К сожалению, республика, провозглашенная после сентябрьской революции, очень скоро лишила общество надежд на демократические перемены. Множество людей почувствовали себя обманутыми, позорный мир и расчленение Франции возмутили весь народ, от простых людей до университетских профессоров… И так же, как Гамбетта после заключения мира в знак протеста сложил с себя полномочия депутата Национального собрания, профессор Декарт встал в оппозицию к этому режиму, как ранее – ко Второй империи.

В книге «Старый порядок и новое время» профессор Декарт выказал себя противником якобинизма во всех его проявлениях. Его потом упрекали в непрозорливости – мол, как же так, знаменитый историк – и не заметил параллелей между Конвентом и коммуной? Наличие таких параллелей он как раз и отрицал. Коммуна Парижа виделась ему вовсе не попыткой установления якобинской диктатуры, а протестом обманутого народа, инициативой снизу, возрождением старинного движения за децентрализацию и права местной власти. Более того, не правительство в Версале, а именно коммуна ему казалась более последовательной защитницей республики (последующие годы, когда монархия едва не была восстановлена, убеждают меня, что он не заблуждался).

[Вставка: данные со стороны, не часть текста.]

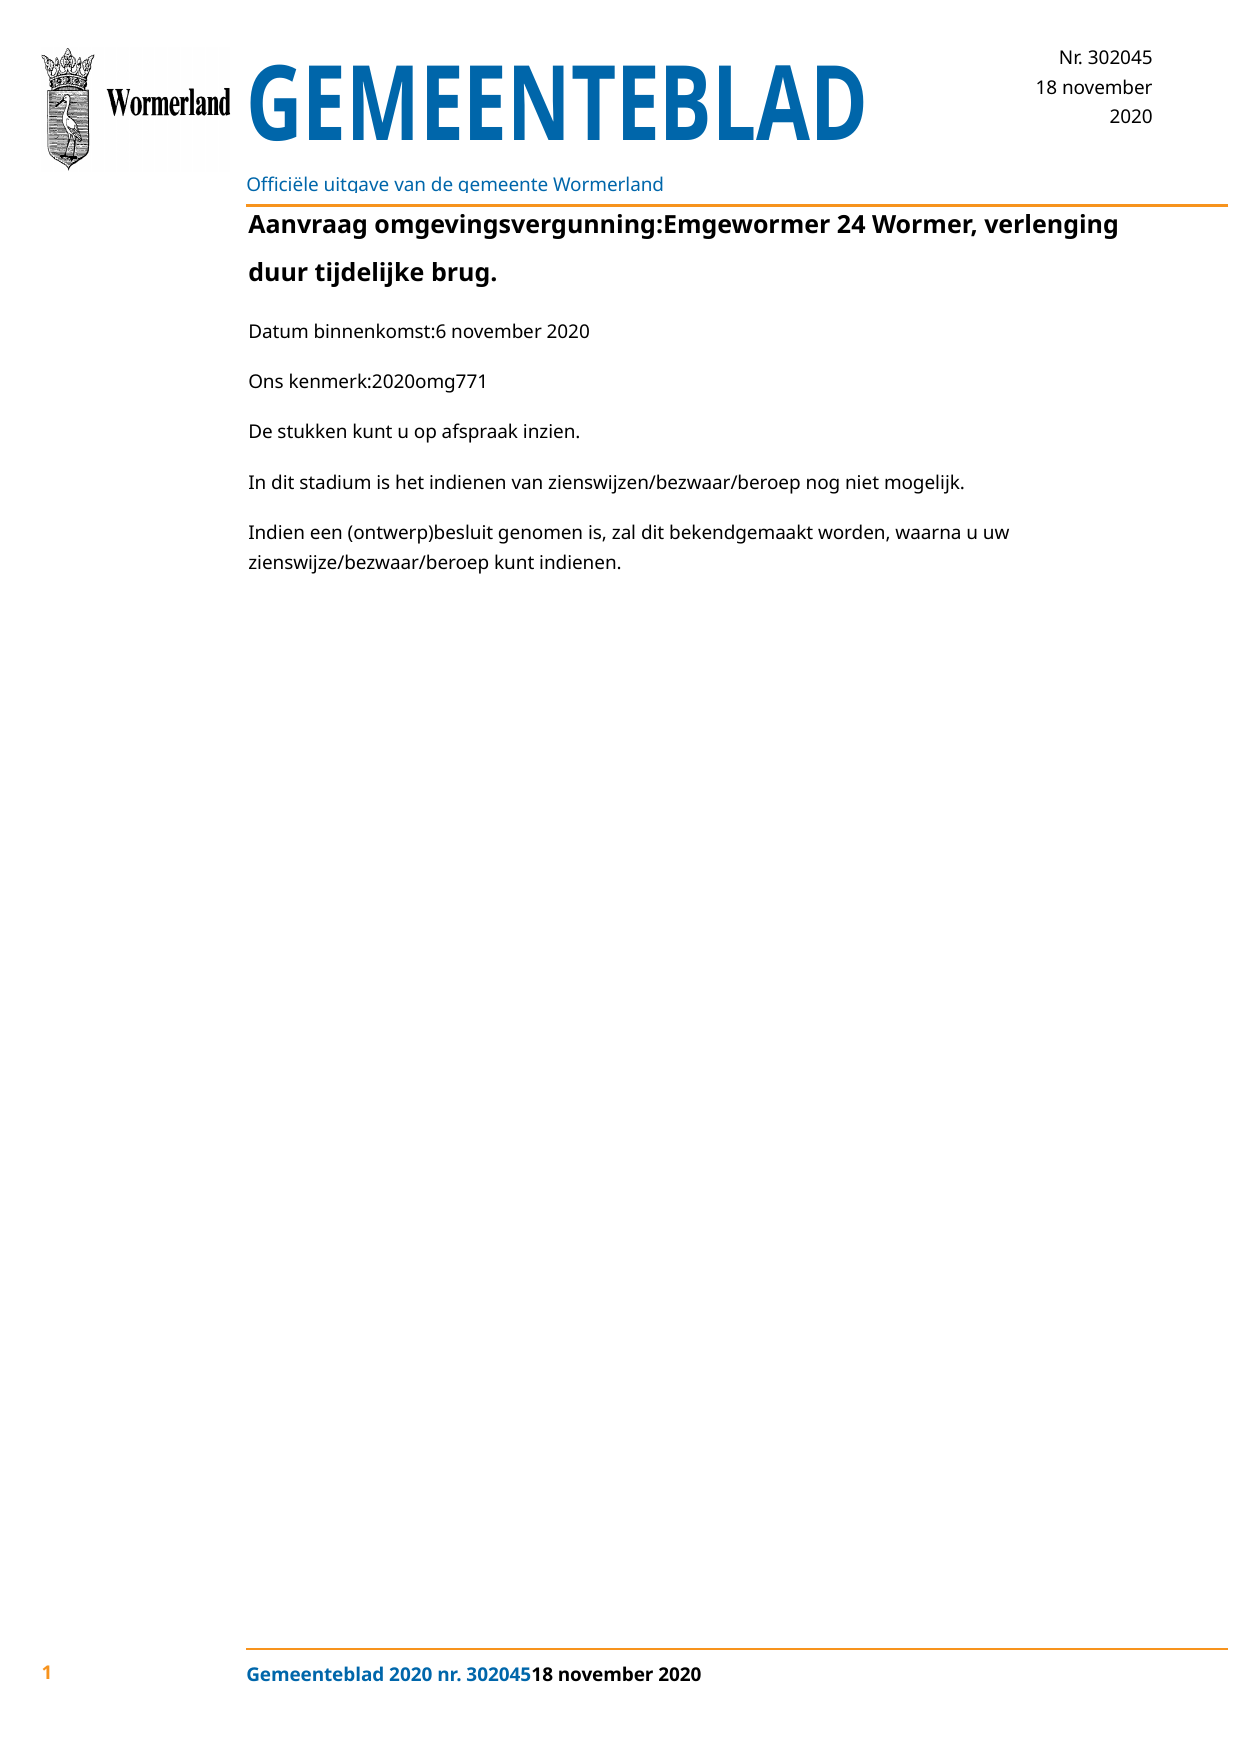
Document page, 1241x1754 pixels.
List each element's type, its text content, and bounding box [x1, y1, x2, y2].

И еще был его опыт, вынесенный из тех лет, когда он был учителем в Морьяке и преподавал историю детям крестьян и лавочников. Он хорошо знал французскую глубинку, потому что в 1860-е годы объехал всю Францию и представлял глубину невежества так называемых простых людей, получивших право голоса еще в 1848-м, а теперь, при республике, становящихся реальной политической силой. Вот где он усматривал опасность радикализации общества – в том, что этот народ так легко обмануть! А вовсе не в том, что министерства возглавили журналисты, бухгалтеры и провинциальные адвокаты. Кое-кого из них профессор Декарт знал еще в 1860-е годы (у него был широкий круг общения) и считал порядочными людьми. Во всяком случае – гораздо порядочнее многих из тех, кто пришел им на смену. Просвещение народа было для него делом настолько важным и неотложным, что он поддержал бы любого, кто заявил о готовности заняться им немедленно.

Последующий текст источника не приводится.